-------- Supplied records

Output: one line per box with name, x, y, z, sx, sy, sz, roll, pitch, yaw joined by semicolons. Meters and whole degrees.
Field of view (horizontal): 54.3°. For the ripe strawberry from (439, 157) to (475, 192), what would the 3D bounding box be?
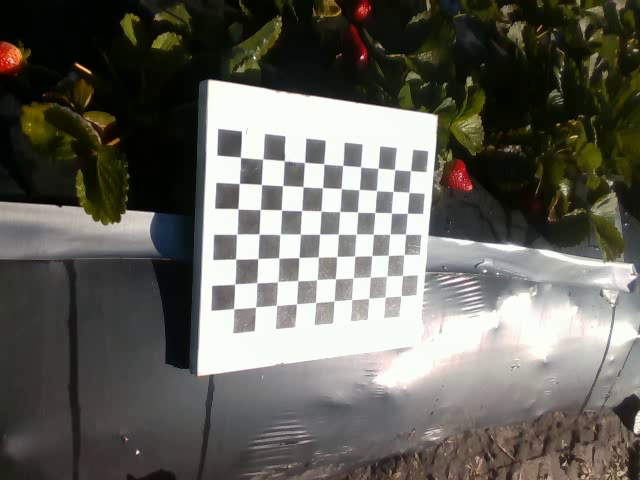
ripe strawberry;0.187;-0.083;0.828;0.055;0.048;0.029;51;-21;-27
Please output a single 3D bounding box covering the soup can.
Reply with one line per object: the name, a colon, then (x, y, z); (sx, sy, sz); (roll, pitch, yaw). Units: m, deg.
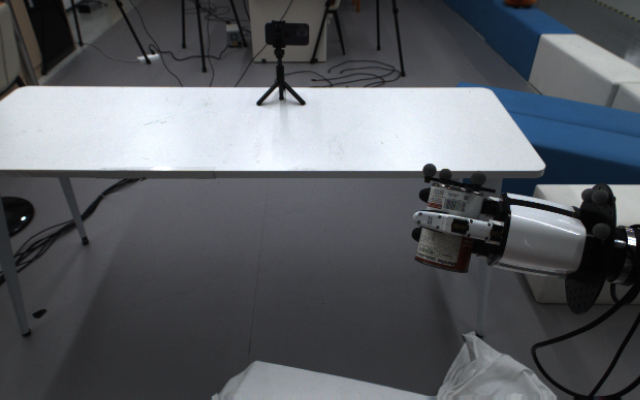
soup can: (0.166, 0.034, 0.616); (0.067, 0.101, 0.067); (12, 2, -1)
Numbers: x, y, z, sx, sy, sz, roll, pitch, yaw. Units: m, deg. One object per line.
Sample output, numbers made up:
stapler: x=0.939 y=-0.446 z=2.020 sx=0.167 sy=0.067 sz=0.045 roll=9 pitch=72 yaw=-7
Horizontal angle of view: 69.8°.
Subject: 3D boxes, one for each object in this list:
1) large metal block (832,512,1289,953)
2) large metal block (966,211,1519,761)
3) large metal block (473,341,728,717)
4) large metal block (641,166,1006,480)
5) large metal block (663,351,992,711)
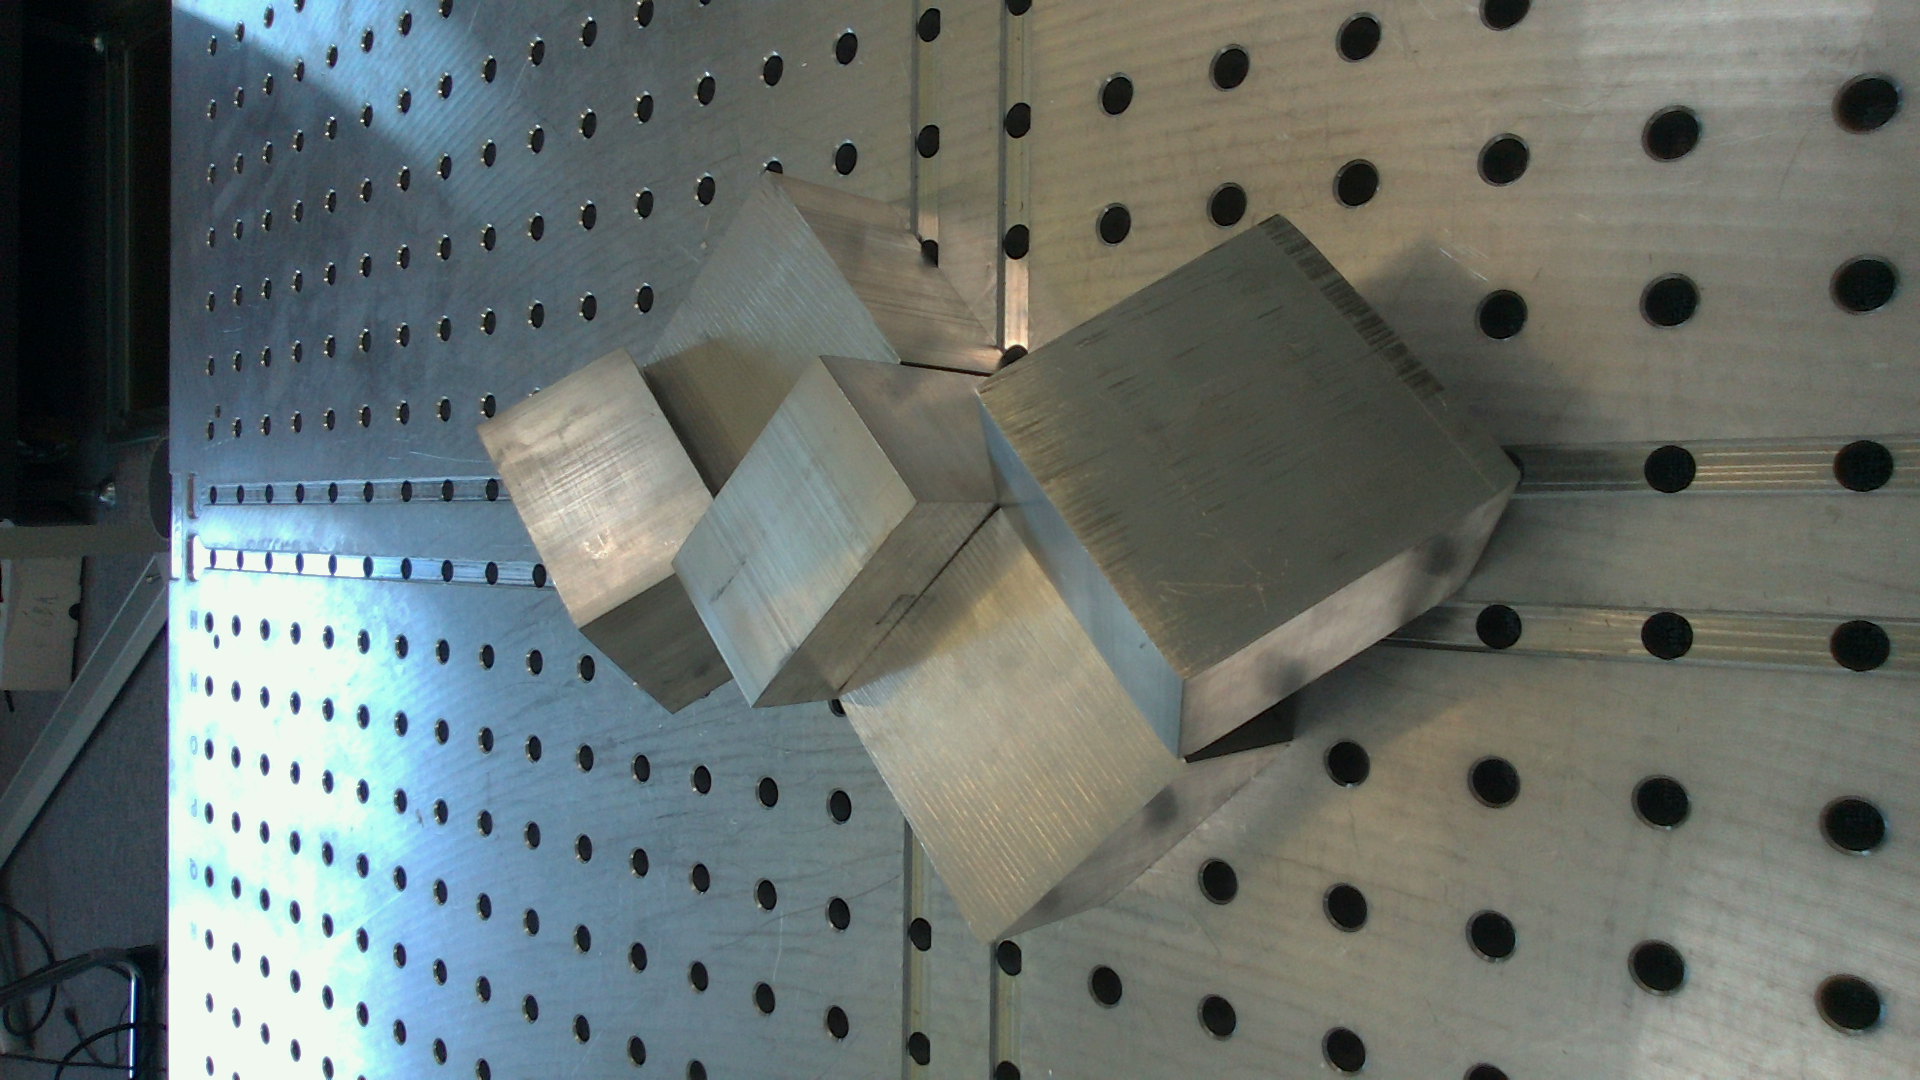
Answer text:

----------------

• _Required work_
The entries above are to be copied exactly, with every picture left out.

• _Output below_
Output: one line per box with name, x, y, z, sx, sy, sz, roll, pitch, yaw joined by semicolons. Meters and whole degrees.
Field of view (horizontal): 54.3°. For the ripe strawberry from (439, 157) to (475, 192), what would the 3D bounding box be?
ripe strawberry;0.187;-0.083;0.828;0.055;0.048;0.029;51;-21;-27
Please output a single 3D bounding box covering the soup can.
Reply with one line per object: the name, a colon, then (x, y, z); (sx, sy, sz); (roll, pitch, yaw). Units: m, deg.
soup can: (0.166, 0.034, 0.616); (0.067, 0.101, 0.067); (12, 2, -1)
Numbers: x, y, z, sx, sy, sz, roll, pitch, yaw. Units: m, deg. One object per line.
Sample output, numbers made up:
stapler: x=0.939 y=-0.446 z=2.020 sx=0.167 sy=0.067 sz=0.045 roll=9 pitch=72 yaw=-7
Horizontal angle of view: 69.8°.
Subject: 3D boxes, one for each object in this list:
1) large metal block (832,512,1289,953)
2) large metal block (966,211,1519,761)
3) large metal block (473,341,728,717)
4) large metal block (641,166,1006,480)
5) large metal block (663,351,992,711)
Answer text:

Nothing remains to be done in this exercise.